Take Yourself Out!
Eating alone is pretty great, actually
While I’m marveling at a plate of wild giant octopus, served in a light dashi broth, it briefly occurs to me that I may not have any way of getting home. The parking attendant made it very clear that he was locking the garage at 9:00 p.m., and that it didn’t make any difference to him whether or not my Subaru was inside. At the pace this meal is unfolding, I’ll be lucky to escape by 9:30. And the thought of a wallet-draining LA-to-OC Uber doesn’t exactly sweeten the broth.

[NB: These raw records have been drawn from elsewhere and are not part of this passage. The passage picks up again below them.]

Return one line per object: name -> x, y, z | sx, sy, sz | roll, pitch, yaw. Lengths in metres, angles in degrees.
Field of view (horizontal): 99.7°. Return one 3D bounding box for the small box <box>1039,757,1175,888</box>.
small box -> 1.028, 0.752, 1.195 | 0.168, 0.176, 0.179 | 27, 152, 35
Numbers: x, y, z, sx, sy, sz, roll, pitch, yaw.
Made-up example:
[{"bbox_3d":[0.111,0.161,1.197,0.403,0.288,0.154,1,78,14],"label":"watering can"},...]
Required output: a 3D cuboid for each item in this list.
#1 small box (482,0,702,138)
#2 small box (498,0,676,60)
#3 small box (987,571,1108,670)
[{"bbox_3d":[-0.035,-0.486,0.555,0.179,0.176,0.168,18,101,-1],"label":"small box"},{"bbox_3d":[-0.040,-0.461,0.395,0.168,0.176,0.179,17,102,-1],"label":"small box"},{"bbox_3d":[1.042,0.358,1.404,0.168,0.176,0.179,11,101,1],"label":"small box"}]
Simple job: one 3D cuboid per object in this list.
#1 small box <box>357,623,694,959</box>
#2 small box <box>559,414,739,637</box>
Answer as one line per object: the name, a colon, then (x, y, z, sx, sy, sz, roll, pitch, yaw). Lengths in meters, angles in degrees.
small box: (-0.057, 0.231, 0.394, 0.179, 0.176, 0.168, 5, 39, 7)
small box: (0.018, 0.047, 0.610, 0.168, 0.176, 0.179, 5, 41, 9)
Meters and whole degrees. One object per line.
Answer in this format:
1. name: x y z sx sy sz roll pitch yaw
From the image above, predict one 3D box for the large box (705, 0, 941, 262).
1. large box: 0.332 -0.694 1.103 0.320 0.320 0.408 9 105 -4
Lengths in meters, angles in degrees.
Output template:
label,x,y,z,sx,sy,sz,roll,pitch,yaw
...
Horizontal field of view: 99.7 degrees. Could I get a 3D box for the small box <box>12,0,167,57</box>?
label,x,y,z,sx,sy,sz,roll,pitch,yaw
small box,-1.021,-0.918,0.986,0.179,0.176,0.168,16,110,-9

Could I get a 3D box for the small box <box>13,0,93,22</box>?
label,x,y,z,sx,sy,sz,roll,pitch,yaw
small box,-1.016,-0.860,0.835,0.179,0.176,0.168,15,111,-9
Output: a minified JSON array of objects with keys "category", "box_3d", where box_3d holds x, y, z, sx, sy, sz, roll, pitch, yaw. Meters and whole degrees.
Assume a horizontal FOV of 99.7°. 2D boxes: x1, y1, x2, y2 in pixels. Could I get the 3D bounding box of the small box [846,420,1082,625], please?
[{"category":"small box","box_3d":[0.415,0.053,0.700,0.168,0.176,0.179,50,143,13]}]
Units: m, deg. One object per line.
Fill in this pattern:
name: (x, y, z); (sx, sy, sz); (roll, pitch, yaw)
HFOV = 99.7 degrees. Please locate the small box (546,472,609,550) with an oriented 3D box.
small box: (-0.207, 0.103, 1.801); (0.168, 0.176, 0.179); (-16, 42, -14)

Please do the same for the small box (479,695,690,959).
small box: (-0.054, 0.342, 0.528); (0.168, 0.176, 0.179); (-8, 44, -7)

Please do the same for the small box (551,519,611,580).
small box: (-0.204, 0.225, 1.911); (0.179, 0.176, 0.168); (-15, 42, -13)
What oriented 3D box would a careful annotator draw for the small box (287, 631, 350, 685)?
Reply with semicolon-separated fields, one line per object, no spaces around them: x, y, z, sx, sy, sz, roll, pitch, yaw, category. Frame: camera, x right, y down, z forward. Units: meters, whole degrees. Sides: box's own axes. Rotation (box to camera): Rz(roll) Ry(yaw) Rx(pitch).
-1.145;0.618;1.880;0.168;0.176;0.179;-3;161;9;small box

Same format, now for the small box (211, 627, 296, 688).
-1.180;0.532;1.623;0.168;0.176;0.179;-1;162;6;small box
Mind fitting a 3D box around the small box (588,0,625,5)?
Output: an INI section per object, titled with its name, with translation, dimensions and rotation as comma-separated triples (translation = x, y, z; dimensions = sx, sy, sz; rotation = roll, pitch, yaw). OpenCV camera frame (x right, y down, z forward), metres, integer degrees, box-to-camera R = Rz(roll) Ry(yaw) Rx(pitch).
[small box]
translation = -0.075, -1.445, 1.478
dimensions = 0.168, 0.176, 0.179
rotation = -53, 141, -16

No matter. I’m on a very important date with a beautiful cephalopod, and I plan to make the most of it. After all, there won’t be a second: I’m one of the last to dine at DTLA’s Shibumi before it closes for good. I’d reserved this seat weeks ago, and it was going to take more than a locked garage to keep me from sharing one final rendezvous with my tentacled companion.
This is one of the many perks of dining alone: there’s nobody to make you grapple with the outside world. At the counter in Shibumi, whatever car-related disaster awaits me is a problem for later. Right now, it’s just me and my dinner—my plate of thick-cut bigeye tuna sashimi, draped in ripe heirloom tomato and funky fermented pepper. I don’t have to make small talk with the tuna. The tuna doesn’t remind me that I left my work laptop in the backseat of the Subaru. For the moment, we’re entirely present. It feels like romance.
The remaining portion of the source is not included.